(Data extracted from a collection)

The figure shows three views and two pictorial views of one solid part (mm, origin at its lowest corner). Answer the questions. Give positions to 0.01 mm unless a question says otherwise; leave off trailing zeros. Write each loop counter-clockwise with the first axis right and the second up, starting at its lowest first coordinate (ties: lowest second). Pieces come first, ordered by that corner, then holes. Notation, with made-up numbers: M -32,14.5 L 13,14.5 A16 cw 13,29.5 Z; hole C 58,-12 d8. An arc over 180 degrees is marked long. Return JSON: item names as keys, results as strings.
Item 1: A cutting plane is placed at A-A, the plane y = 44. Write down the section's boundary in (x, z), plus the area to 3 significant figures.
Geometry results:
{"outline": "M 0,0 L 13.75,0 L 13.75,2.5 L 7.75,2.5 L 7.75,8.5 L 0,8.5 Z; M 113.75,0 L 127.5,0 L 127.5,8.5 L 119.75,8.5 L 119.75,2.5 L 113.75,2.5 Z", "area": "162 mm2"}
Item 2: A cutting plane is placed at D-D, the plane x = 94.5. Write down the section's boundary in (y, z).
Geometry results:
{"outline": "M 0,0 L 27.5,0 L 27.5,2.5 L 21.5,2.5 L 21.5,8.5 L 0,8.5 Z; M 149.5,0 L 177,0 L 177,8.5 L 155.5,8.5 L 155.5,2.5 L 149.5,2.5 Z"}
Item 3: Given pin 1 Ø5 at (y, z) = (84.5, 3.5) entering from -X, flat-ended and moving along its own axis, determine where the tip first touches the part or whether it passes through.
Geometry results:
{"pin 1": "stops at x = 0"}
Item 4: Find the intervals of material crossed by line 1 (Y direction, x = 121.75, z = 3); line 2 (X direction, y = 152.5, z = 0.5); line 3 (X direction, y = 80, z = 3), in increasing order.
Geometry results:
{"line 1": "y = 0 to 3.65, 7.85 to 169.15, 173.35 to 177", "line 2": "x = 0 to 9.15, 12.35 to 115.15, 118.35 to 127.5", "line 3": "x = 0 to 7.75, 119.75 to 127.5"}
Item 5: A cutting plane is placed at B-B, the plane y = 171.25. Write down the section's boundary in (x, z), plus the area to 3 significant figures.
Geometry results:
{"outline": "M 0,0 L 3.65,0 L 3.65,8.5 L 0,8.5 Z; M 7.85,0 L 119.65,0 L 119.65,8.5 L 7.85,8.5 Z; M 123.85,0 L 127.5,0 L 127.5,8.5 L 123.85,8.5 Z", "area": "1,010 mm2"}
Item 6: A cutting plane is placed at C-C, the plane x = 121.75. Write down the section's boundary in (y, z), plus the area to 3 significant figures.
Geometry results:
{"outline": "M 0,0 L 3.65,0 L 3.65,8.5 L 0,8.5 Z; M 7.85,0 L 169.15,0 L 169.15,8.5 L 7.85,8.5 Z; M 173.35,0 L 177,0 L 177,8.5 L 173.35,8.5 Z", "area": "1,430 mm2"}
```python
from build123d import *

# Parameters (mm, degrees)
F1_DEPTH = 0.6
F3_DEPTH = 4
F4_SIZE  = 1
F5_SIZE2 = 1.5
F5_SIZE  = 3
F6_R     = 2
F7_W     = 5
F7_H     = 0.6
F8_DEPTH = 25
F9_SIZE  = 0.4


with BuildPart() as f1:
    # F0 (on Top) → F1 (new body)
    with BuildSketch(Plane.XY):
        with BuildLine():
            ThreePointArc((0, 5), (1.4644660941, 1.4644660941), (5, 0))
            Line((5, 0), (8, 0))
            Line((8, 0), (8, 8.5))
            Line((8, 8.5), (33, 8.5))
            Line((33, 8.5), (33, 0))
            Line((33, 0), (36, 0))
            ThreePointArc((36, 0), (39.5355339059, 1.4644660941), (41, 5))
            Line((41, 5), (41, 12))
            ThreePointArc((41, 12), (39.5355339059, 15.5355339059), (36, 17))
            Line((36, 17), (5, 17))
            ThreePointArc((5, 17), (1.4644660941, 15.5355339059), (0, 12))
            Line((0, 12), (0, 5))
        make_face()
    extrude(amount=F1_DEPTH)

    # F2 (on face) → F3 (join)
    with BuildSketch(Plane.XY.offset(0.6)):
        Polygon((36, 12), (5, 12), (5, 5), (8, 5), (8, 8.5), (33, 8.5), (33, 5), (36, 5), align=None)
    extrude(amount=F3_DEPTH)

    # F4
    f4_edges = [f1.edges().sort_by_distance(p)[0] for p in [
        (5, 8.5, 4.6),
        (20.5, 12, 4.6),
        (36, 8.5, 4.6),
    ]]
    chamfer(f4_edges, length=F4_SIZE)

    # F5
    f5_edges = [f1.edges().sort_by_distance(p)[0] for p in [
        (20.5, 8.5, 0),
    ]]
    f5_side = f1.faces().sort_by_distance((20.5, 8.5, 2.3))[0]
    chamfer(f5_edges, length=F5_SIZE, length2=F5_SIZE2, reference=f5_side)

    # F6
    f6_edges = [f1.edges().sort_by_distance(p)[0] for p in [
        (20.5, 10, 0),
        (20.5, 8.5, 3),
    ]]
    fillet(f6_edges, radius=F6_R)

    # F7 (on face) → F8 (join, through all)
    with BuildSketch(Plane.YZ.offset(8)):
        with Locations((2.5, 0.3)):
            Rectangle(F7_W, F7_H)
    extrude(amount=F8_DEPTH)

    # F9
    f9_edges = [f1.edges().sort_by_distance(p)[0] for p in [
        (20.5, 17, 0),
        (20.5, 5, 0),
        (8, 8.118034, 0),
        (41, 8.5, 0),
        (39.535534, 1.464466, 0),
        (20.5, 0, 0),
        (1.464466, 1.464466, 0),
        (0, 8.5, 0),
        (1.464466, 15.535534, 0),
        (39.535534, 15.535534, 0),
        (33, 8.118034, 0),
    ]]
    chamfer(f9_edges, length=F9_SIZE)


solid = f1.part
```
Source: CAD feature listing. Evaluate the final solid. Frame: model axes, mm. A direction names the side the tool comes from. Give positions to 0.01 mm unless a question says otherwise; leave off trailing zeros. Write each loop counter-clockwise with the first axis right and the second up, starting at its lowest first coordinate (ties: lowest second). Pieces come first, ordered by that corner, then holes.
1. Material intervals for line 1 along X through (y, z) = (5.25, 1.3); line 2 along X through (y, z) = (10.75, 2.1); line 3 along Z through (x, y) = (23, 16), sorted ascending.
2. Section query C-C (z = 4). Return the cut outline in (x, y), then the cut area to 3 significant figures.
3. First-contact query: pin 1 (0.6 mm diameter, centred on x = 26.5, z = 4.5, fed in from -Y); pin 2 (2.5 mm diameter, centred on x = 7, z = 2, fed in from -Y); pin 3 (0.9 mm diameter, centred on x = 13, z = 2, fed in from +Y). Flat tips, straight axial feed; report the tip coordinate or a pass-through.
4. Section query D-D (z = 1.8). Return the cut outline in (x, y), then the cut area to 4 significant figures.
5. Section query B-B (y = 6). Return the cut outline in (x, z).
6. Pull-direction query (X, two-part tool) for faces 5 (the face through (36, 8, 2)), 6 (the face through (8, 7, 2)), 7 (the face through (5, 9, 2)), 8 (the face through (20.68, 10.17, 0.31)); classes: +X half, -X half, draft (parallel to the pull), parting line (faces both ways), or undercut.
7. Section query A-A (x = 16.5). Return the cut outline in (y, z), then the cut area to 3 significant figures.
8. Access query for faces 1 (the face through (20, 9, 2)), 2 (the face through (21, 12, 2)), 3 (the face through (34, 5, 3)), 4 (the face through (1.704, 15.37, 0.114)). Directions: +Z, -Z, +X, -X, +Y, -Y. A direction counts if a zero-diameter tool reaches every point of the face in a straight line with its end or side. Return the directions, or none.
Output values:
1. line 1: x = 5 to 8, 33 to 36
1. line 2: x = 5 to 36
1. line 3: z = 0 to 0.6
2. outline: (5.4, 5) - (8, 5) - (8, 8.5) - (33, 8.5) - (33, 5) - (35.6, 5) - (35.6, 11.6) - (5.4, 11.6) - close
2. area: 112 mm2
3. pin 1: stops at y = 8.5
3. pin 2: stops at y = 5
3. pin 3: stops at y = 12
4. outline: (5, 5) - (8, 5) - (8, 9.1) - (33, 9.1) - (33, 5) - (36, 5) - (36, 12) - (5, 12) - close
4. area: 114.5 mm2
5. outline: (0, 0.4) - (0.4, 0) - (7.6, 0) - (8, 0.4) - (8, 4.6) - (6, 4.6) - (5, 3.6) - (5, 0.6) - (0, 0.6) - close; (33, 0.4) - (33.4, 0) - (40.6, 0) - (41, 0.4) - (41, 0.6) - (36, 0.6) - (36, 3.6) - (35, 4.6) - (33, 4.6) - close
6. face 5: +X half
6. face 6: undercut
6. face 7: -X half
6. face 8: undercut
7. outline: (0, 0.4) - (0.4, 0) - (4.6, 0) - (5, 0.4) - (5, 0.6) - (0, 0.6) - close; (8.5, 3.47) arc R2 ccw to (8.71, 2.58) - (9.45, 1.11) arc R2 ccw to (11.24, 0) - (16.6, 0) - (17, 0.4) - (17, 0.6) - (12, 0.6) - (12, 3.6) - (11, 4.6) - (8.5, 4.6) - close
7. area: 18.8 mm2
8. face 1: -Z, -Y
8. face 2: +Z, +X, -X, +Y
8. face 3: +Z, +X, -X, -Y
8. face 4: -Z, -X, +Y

---

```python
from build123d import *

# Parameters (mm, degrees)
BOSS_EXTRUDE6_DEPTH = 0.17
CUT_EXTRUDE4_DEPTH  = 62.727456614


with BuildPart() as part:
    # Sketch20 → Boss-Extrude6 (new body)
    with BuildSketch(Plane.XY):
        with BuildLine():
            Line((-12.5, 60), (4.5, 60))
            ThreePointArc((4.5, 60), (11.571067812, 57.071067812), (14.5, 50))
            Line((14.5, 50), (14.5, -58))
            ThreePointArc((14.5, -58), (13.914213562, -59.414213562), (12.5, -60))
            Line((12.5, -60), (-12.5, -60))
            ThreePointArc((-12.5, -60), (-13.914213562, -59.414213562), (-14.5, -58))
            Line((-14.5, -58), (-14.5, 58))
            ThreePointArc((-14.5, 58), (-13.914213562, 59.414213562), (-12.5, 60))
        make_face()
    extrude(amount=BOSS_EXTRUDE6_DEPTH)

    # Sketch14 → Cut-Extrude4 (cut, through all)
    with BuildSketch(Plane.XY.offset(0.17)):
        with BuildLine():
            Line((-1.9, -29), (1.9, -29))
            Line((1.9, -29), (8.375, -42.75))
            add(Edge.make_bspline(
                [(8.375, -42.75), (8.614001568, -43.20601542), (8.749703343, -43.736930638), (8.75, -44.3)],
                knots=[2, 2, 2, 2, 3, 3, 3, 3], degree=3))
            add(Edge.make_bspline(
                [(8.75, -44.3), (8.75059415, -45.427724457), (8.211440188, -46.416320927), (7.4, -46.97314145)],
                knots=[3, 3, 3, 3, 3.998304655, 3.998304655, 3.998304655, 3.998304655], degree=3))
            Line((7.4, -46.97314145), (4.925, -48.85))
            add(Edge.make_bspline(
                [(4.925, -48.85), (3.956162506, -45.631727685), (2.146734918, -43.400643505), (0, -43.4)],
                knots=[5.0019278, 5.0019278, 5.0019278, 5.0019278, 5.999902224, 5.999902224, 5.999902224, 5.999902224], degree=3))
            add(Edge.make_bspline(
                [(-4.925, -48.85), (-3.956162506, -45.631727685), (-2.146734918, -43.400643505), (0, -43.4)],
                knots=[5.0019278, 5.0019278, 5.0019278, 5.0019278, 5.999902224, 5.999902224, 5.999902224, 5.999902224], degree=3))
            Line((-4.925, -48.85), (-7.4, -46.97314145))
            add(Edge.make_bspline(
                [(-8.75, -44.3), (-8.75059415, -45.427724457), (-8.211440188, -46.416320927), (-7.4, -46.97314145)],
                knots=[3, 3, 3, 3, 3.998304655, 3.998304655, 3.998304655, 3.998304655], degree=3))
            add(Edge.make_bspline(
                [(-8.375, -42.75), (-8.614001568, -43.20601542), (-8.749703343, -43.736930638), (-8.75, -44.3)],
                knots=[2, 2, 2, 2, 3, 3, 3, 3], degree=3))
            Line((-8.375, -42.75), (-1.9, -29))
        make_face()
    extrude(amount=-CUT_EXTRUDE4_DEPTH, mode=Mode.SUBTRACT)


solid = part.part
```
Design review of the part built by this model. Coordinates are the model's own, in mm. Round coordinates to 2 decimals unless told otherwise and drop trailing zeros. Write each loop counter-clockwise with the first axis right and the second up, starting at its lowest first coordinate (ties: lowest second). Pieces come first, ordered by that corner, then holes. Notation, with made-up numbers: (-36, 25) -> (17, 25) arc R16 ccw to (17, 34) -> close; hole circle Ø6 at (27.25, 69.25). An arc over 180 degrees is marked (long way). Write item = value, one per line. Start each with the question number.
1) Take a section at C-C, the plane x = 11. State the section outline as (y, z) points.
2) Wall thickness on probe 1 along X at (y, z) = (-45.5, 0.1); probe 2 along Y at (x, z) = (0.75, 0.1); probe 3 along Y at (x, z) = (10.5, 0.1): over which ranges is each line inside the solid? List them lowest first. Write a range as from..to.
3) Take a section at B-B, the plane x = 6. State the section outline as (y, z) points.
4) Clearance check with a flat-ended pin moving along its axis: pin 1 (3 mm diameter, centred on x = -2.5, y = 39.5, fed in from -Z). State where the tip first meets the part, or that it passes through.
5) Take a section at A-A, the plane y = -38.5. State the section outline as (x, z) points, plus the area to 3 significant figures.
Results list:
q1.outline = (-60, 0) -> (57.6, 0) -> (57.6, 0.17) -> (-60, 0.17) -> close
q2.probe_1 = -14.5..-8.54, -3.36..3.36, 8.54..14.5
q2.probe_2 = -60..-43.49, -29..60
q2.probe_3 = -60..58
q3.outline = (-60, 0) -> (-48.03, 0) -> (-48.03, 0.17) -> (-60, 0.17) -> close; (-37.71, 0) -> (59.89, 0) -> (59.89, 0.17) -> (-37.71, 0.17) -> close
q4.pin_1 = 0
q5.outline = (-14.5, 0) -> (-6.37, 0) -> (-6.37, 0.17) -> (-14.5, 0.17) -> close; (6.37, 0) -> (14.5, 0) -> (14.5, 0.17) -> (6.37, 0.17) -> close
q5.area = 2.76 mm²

> _What needs to be done_: List every line above that contains the word "ended".

> _Solved exercise_:
Item 3: Given pin 1 Ø5 at (y, z) = (84.5, 3.5) entering from -X, flat-ended and moving along its own axis, determine where the tip first touches the part or whether it passes through.
4) Clearance check with a flat-ended pin moving along its axis: pin 1 (3 mm diameter, centred on x = -2.5, y = 39.5, fed in from -Z). State where the tip first meets the part, or that it passes through.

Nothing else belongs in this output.